I wanted to do that little bit of heaven justice - with photos and descriptions of how marvelous our time in Iceland was. To tell of how a jet-lagged walk to the 24 hour supermarket in the wee hours led D to discover one of the most exceptional displays of the Northern Lights, rarely visible from within the bounds of Reykjavik's city lights (and I was fortunate he sprinted back to the room to wake me up to enjoy it too). To convey, with ironic humour, the seriousness with which D mooted the idea of emigrating to Iceland before I'd even set foot on British soil with my newly-minted settlement visa. But the business of settling into the UK took over my energies, and my dogged determination to tell the story with some kind of chronological sense stopped me in my authorial tracks.
So here we are. There is loads to tell - if only to keep those that care about me in the loop - and I best just get on with it.
England has been amazing and terrible all at once. We've been here three months this past week and I still feel unsettled due to a rough bit of luck with respect to our living accommodation. We had rented a cottage, based on the virtue of pictures and a couple of phone conversations with the landlord who claimed it had just been fully renovated. It appeared ideal. A semi-rural village on the outskirts of Windsor. The charming little cottage, set on a 13-acre gated equestrian property, next to a large house with lovely manicured gardens, a swimming pool, and plenty of parking (always a plus in England).

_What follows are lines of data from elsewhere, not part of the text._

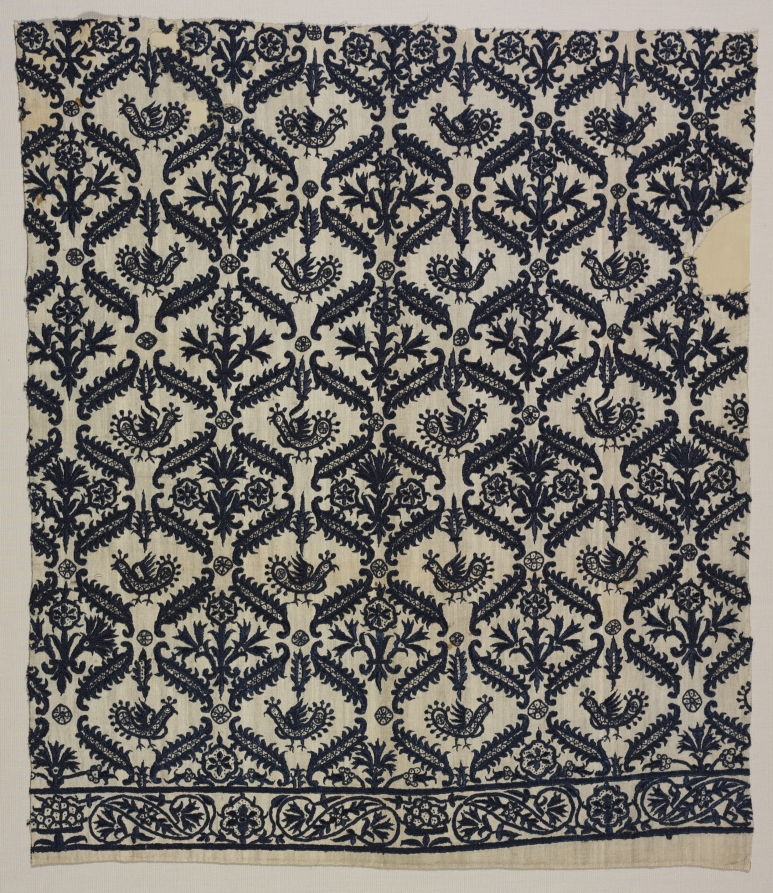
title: Fragment of a Bed Curtain
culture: Greece, Crete, 17th-18th century
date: 1600s - 1700s
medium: embroidery: silk on linen tabby ground
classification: Embroidery

Our landlord seemed kind - concerned that we would be comfortable during the five-week period before the shipping container arrived, when we'd be living there on the floor with nothing but the suitcases permitted by the airline baggage allowance. He invited us around for a drink and during the course of the evening offered us free access to his apartment in the South of France, should we ever want a holiday there. He's a very old, very lonely man whose face would light up if we happened to wave to him in passing.

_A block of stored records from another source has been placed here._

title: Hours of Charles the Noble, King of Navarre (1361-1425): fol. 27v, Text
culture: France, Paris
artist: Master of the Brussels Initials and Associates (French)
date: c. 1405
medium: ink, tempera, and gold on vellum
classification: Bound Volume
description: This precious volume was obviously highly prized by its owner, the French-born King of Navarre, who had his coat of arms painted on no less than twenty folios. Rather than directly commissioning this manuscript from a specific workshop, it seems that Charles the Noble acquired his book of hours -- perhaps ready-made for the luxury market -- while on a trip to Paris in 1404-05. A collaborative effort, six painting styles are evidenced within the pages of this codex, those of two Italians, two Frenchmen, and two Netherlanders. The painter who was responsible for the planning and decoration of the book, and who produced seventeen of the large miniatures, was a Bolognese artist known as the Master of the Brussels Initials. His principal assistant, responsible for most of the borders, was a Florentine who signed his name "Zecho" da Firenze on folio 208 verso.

Yes, it seemed ideal, and for the first three weeks, life in England was indeed pleasant. We explored Windsor, enjoying lovely views of the castle during evening ambles along the Thames, delighting in the knowledge that we weren't mere touristas here, we actually get to enjoy it full time. The cast iron lion that serves as a door knocker made me smile whenever I arrived back at our new home.
There were a few niggles. Take, for instance, the fact that the floors we were sleeping, eating, lounging, living on were absolutely covered in a layer of fine dog hair. The carpets the landlord claimed had been professionally cleaned: upon showing him the problem, did our landlord offer to get the job done right? No, he did not. So it took D over two solid, full-time days of painstaking vacuuming to make them passably clean. Further, the oven didn't work, the fridge compressor leaked, and one of the shelves in the newly fitted kitchen cabinets was missing its mounting pins (halving the storage capacity therein). To top it all off there was evidence of rodent infestation in the closets. We patiently submitted a list of items to be addressed, at which point the landlord started giving D the names of contractors and asking him to sort it out. Having just completed the exhausting renovation of a home we actually owned, the injustice of having to take on the landlord's job in a place we've rented started to feel a bit unfair.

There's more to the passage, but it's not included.